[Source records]

+---+

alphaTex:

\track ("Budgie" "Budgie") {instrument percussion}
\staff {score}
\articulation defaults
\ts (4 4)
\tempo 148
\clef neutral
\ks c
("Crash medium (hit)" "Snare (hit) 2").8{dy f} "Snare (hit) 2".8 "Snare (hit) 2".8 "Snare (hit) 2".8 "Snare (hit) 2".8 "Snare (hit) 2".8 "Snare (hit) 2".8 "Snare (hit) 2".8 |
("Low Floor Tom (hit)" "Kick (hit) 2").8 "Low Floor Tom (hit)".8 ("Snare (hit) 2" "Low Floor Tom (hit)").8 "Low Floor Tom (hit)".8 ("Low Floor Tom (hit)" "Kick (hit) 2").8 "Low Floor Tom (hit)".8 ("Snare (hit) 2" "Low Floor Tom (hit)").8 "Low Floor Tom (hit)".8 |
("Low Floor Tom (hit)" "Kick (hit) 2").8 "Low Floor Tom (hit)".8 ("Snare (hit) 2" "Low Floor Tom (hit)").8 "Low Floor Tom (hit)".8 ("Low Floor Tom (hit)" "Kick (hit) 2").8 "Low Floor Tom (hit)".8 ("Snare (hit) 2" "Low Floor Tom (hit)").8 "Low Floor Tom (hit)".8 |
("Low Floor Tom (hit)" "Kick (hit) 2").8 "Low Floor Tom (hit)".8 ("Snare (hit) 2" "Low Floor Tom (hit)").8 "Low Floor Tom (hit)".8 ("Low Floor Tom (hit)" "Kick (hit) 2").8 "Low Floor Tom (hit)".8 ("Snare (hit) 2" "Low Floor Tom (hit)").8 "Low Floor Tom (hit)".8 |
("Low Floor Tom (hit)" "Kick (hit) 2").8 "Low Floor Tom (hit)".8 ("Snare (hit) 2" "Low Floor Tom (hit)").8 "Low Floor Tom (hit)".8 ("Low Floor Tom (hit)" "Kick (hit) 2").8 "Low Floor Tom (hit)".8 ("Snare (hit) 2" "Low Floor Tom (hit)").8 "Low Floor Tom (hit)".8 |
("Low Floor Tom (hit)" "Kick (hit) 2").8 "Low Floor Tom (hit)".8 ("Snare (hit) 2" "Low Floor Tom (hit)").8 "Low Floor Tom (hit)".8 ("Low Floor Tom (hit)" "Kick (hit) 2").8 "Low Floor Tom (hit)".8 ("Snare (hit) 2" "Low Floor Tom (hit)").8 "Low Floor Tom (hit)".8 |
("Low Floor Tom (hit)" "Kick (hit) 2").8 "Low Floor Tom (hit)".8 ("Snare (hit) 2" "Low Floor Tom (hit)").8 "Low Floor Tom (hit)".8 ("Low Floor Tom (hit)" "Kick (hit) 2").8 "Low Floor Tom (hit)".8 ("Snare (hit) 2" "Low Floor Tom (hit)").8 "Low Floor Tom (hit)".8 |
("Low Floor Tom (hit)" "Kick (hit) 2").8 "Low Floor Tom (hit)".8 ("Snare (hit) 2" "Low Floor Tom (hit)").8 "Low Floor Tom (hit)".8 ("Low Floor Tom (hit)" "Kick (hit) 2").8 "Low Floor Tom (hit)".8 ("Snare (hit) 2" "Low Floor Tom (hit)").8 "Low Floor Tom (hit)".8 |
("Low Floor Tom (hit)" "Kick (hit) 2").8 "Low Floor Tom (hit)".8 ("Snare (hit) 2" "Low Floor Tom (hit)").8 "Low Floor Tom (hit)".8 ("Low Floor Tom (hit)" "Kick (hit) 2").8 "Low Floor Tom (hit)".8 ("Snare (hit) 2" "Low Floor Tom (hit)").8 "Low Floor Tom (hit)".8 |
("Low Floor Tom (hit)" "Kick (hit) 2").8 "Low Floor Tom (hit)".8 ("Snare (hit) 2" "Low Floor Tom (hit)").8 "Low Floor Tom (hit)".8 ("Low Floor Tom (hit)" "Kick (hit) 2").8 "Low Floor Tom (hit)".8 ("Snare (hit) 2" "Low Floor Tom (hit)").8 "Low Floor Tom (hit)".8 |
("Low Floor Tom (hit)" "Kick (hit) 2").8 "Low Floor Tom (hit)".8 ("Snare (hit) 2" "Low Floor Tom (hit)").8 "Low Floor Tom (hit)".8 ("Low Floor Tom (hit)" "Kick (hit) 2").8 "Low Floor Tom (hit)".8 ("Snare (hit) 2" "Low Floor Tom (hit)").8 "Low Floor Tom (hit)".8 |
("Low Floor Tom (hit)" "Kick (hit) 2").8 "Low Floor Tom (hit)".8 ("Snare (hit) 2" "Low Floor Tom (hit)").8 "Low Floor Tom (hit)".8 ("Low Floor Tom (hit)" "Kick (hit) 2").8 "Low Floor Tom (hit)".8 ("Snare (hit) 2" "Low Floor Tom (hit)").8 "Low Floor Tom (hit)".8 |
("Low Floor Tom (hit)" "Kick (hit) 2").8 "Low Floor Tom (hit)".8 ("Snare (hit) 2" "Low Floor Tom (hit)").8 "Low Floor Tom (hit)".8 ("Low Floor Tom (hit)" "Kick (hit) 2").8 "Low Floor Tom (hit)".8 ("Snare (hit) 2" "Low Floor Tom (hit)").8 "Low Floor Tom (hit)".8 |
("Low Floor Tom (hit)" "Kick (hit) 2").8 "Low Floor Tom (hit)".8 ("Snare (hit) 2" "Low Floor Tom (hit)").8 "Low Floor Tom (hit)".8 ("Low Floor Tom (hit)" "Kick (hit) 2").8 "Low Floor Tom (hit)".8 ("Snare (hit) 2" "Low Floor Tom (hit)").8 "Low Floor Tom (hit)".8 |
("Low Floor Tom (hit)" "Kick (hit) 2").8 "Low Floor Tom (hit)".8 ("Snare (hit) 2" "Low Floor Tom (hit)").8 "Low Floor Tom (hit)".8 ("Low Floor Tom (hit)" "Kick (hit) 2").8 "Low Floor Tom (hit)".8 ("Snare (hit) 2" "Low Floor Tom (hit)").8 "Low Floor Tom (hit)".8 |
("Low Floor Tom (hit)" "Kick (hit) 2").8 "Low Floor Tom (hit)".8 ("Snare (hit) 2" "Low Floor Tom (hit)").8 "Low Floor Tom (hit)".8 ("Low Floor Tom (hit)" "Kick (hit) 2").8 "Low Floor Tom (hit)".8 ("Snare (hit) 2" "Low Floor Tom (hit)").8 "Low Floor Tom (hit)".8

+---+

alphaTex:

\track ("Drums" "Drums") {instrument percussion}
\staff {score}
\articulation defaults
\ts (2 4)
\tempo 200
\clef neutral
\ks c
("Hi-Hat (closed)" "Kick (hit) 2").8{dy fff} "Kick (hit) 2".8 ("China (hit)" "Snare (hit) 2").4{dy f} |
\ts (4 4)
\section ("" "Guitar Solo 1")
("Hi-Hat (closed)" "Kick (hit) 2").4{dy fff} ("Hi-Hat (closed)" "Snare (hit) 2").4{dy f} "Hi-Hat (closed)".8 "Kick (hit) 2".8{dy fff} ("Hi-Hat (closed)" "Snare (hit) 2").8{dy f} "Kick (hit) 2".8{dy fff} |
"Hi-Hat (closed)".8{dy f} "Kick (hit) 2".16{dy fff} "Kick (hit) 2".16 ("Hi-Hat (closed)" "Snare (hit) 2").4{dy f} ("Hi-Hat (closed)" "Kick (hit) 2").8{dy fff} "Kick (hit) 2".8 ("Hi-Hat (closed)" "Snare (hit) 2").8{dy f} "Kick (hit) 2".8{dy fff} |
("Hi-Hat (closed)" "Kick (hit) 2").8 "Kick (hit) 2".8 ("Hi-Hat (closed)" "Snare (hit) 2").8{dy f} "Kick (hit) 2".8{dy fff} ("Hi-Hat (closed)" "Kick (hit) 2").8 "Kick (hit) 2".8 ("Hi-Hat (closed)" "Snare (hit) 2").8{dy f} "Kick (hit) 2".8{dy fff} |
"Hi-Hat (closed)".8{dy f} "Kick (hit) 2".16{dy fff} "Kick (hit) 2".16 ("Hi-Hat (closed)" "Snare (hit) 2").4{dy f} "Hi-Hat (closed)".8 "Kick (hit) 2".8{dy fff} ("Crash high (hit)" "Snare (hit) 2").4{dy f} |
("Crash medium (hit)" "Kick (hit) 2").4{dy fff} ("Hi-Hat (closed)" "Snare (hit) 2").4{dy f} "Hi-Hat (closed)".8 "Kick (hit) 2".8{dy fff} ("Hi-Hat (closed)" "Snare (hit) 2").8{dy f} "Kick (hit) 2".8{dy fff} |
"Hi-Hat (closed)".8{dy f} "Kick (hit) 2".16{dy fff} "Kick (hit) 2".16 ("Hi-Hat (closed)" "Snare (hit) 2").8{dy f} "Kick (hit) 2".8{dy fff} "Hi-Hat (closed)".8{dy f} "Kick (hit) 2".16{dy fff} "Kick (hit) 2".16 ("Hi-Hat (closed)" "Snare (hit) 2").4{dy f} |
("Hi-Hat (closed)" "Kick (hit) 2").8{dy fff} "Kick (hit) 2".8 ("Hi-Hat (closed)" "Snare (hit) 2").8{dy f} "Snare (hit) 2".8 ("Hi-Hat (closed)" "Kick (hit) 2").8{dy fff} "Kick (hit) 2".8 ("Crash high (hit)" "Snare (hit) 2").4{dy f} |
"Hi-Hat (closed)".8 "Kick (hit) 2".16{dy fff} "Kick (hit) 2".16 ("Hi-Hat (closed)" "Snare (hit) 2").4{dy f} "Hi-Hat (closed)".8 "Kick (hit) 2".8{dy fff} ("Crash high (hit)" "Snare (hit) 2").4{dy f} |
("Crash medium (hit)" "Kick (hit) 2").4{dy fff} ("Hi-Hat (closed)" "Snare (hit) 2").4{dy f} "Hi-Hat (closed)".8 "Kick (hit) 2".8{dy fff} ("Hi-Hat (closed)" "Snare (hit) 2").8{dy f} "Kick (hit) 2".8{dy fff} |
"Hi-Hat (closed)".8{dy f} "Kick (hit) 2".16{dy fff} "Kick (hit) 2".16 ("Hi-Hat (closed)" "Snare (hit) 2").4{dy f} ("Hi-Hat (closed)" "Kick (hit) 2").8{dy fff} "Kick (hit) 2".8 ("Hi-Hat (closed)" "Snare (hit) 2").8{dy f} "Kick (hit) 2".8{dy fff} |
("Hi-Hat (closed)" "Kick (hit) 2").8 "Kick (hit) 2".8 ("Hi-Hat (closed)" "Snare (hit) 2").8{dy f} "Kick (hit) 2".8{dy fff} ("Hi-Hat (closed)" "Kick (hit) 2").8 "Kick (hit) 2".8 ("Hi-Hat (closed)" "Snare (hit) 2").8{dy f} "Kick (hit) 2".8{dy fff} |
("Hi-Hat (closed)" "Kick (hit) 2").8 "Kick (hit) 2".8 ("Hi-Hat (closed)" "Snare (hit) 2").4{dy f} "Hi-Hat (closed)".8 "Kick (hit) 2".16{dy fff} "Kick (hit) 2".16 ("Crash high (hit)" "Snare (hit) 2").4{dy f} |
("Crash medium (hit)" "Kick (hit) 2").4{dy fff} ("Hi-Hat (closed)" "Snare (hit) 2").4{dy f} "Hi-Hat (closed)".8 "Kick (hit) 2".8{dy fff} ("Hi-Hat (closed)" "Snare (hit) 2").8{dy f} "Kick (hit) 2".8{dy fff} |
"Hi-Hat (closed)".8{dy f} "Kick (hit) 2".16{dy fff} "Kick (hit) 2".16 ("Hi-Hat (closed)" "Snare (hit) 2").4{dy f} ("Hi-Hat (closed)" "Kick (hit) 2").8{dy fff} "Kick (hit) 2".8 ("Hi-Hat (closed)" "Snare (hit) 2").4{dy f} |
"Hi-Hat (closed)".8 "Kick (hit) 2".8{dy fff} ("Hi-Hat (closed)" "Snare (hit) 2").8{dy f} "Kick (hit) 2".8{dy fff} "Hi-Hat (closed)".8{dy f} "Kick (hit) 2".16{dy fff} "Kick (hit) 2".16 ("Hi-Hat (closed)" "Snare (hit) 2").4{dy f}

+---+

WHAT TO DO: Collect every line with the string "percussion" from the records, and copy each.

REPLY:
\track ("Budgie" "Budgie") {instrument percussion}
\track ("Drums" "Drums") {instrument percussion}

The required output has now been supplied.